Complications of Intraaortic Balloon Counterpulsation Insertion in Patients Receiving Thrombolytic Therapy for Acute Myocardial Infarction

Abstract
This study retrospectively examines 38 patients who presented with acute myocardial infarction requiring intraaortic balloon pump counterpulsation. Two groups of patients were identified. Group I consisted of patients with acute myocardial infarction treated with intraaortic balloon pump without thrombolytic therapy. Group II consisted of patients treated with intraaortic balloon pump after receiving intravenous thrombolytic therapy. These groups were compared and contrasted with regard to previously identified complications associated with intraaortic balloon pump counterpulsation including loss of limb and mortality. The need for surgery, embolectomy, and drainage of hematoma were also evaluated. The need for surgery in group II (11%) and in both groups combined (7%) is lower than is generally reported in literature (range 11.6% to 34%). In addition, no patients experienced a loss of limb and no patients in the study had severe life‐threatening iatrogenic morbidity or mortality.
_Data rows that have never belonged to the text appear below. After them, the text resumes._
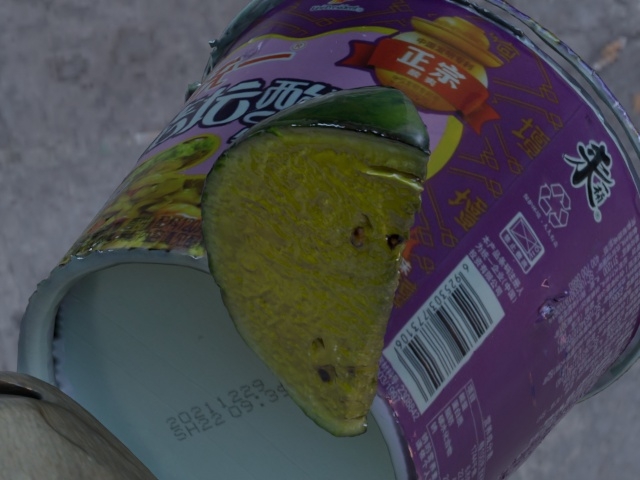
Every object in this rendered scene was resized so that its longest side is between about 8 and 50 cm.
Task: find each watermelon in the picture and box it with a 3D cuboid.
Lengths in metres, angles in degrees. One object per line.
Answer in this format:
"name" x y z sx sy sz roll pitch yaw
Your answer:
"watermelon" -0.011 -0.002 0.688 0.075 0.181 0.092 -6 51 -15

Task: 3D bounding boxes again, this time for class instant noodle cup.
"instant noodle cup" 0.000 0.046 0.944 0.339 0.340 0.266 26 43 16

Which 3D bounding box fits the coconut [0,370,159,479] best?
"coconut" -0.142 0.148 0.592 0.224 0.224 0.224 1 54 -1
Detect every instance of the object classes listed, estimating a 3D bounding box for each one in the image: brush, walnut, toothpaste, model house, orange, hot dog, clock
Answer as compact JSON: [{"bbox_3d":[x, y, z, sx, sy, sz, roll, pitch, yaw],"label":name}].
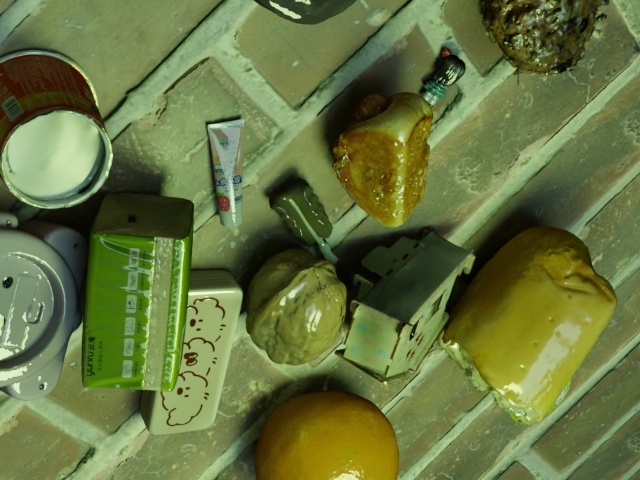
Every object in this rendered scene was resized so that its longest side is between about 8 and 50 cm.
[{"bbox_3d":[0.000,0.000,1.883,0.084,0.071,0.301,-30,132,5],"label":"brush"},{"bbox_3d":[-0.048,0.125,1.851,0.198,0.198,0.245,-7,142,-26],"label":"walnut"},{"bbox_3d":[-0.161,-0.118,1.730,0.067,0.043,0.194,-12,120,-20],"label":"toothpaste"},{"bbox_3d":[0.152,0.148,1.970,0.326,0.169,0.244,-41,150,-45],"label":"model house"},{"bbox_3d":[0.016,0.462,2.049,0.312,0.312,0.312,-15,126,-21],"label":"orange"},{"bbox_3d":[0.109,-0.157,1.779,0.150,0.153,0.257,-46,150,-35],"label":"hot dog"},{"bbox_3d":[-0.523,0.097,1.518,0.322,0.113,0.296,14,90,-51],"label":"clock"}]

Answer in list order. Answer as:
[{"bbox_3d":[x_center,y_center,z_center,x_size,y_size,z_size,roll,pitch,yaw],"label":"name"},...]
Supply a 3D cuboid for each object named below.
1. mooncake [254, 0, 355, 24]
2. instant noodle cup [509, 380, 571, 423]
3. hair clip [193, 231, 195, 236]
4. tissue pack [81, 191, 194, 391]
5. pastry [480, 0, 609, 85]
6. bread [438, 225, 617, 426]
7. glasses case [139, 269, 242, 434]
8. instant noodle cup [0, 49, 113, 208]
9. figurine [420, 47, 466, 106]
[{"bbox_3d":[-0.032,-0.463,1.509,0.245,0.133,0.245,-15,127,-21],"label":"mooncake"},{"bbox_3d":[0.476,0.317,2.315,0.182,0.144,0.182,-15,125,-22],"label":"instant noodle cup"},{"bbox_3d":[-0.301,0.042,1.749,0.214,0.056,0.062,-49,152,17],"label":"hair clip"},{"bbox_3d":[-0.302,0.082,1.629,0.167,0.200,0.275,4,111,-7],"label":"tissue pack"},{"bbox_3d":[0.395,-0.422,1.768,0.275,0.193,0.275,-30,130,-43],"label":"pastry"},{"bbox_3d":[0.424,0.150,2.084,0.250,0.361,0.394,34,91,-9],"label":"bread"},{"bbox_3d":[-0.249,0.216,1.873,0.144,0.076,0.336,-3,121,-29],"label":"glasses case"},{"bbox_3d":[-0.413,-0.156,1.466,0.213,0.174,0.213,-15,127,-21],"label":"instant noodle cup"},{"bbox_3d":[0.224,-0.302,1.827,0.060,0.047,0.106,37,108,1],"label":"figurine"}]
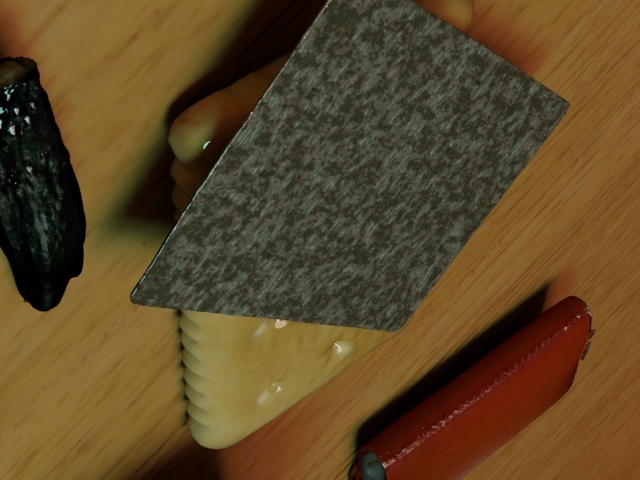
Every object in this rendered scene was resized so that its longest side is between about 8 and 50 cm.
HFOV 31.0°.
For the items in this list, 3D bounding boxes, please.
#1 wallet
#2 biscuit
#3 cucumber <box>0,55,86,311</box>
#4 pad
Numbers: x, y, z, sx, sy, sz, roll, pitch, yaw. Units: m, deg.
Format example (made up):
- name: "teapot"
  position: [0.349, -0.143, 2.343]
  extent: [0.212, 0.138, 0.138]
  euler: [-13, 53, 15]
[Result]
- name: "wallet"
  position: [0.112, 0.132, 0.865]
  extent: [0.204, 0.045, 0.142]
  euler: [-33, 151, -21]
- name: "biscuit"
  position: [0.000, 0.001, 0.559]
  extent: [0.160, 0.030, 0.249]
  euler: [-30, 148, -27]
- name: "cucumber"
  position: [-0.099, -0.015, 0.403]
  extent: [0.033, 0.034, 0.134]
  euler: [-39, 152, -23]
- name: "pad"
  position: [0.027, -0.023, 0.525]
  extent: [0.158, 0.003, 0.235]
  euler: [-54, 151, 14]
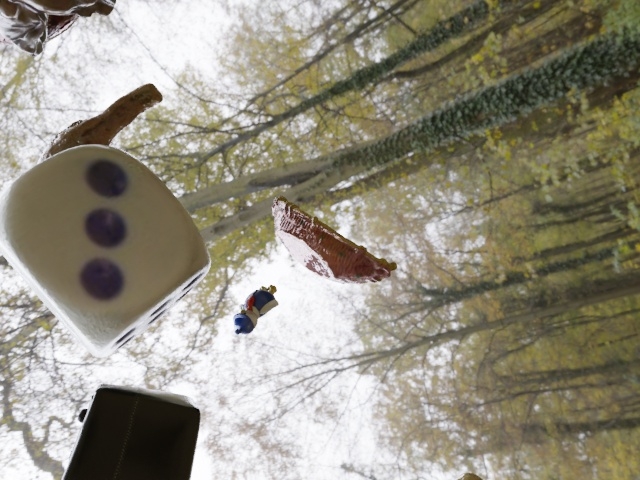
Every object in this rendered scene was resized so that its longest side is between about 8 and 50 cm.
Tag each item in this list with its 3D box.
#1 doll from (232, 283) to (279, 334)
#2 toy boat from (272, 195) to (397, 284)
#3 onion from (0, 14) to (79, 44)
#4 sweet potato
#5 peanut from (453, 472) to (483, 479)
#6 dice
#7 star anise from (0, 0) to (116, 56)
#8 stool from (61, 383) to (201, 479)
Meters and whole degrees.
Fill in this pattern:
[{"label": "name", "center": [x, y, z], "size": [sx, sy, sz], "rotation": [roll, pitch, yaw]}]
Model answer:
[{"label": "doll", "center": [-0.131, 0.139, 0.980], "size": [0.058, 0.098, 0.143], "rotation": [66, -147, -22]}, {"label": "toy boat", "center": [-0.003, 0.004, 0.985], "size": [0.099, 0.318, 0.141], "rotation": [-36, -37, -32]}, {"label": "onion", "center": [-0.516, -0.451, 0.795], "size": [0.276, 0.276, 0.276], "rotation": [32, -134, -41]}, {"label": "sweet potato", "center": [-0.526, -0.229, 1.135], "size": [0.109, 0.385, 0.109], "rotation": [47, -177, -4]}, {"label": "peanut", "center": [0.181, 0.338, 0.391], "size": [0.387, 0.169, 0.192], "rotation": [-117, 19, -77]}, {"label": "dice", "center": [-0.401, 0.022, 0.931], "size": [0.304, 0.304, 0.277], "rotation": [48, -120, -2]}, {"label": "star anise", "center": [-0.240, -0.200, 0.339], "size": [0.223, 0.236, 0.109], "rotation": [-16, -101, -27]}, {"label": "stool", "center": [-0.238, 0.286, 0.596], "size": [0.141, 0.232, 0.232], "rotation": [18, -129, -15]}]
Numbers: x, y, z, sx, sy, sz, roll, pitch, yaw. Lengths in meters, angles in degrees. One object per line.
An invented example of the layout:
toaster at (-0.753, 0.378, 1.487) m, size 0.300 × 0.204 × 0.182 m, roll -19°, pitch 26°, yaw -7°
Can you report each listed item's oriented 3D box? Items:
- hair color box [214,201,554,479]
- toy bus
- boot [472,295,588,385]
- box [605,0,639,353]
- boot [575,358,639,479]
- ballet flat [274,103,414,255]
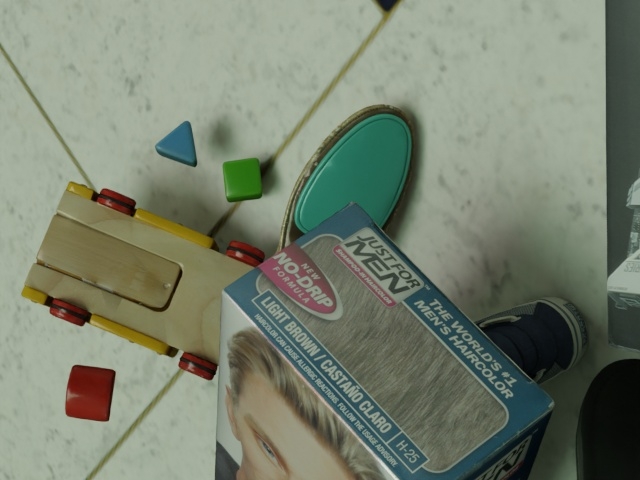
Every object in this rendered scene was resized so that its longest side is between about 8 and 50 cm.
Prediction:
hair color box at (0.023, 0.153, 1.061) m, size 0.174 × 0.105 × 0.347 m, roll 45°, pitch 153°, yaw 24°
toy bus at (-0.111, 0.035, 1.242) m, size 0.104 × 0.191 × 0.202 m, roll 92°, pitch 156°, yaw -84°
boot at (0.078, 0.091, 1.095) m, size 0.190 × 0.086 × 0.069 m, roll -37°, pitch 77°, yaw 43°
box at (0.265, -0.078, 0.875) m, size 0.242 × 0.076 × 0.307 m, roll 11°, pitch 110°, yaw 41°
boot at (0.154, 0.220, 0.983) m, size 0.091 × 0.263 × 0.229 m, roll 18°, pitch 132°, yaw 3°
ballet flat at (0.000, 0.000, 1.145) m, size 0.206 × 0.073 × 0.067 m, roll -64°, pitch 13°, yaw 8°
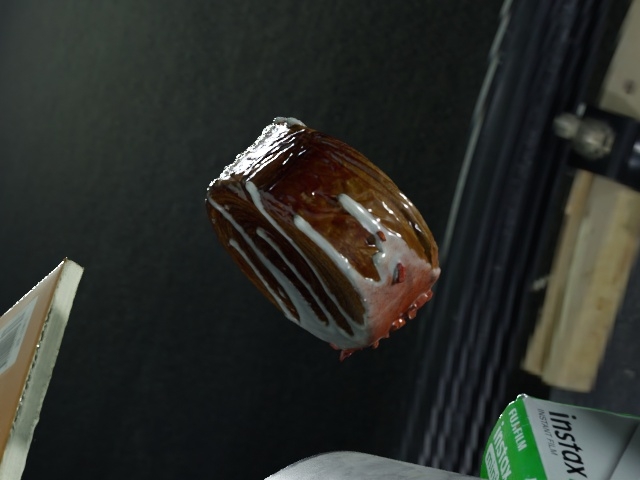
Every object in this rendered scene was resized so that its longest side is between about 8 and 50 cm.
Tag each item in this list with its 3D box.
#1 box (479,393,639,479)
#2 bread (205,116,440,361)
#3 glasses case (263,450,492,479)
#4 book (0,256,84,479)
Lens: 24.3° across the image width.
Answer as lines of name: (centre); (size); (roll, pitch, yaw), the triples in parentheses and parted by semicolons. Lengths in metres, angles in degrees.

While mortality was not an end point in this study, it was noted that there was an increased survival rate in group II patients with 61% surviving until the time of hospital discharge. Also, eight out of 14 patients in group II who underwent intraaortic balloon pump counterpulsation for cardiogenic shock survived until the time of discharge. This represents a 57% survival rate for patients presenting with cardiogenic shock. We conclude that intraaortic balloon pumps can be inserted safely following thrombolytic therapy in a community hospital.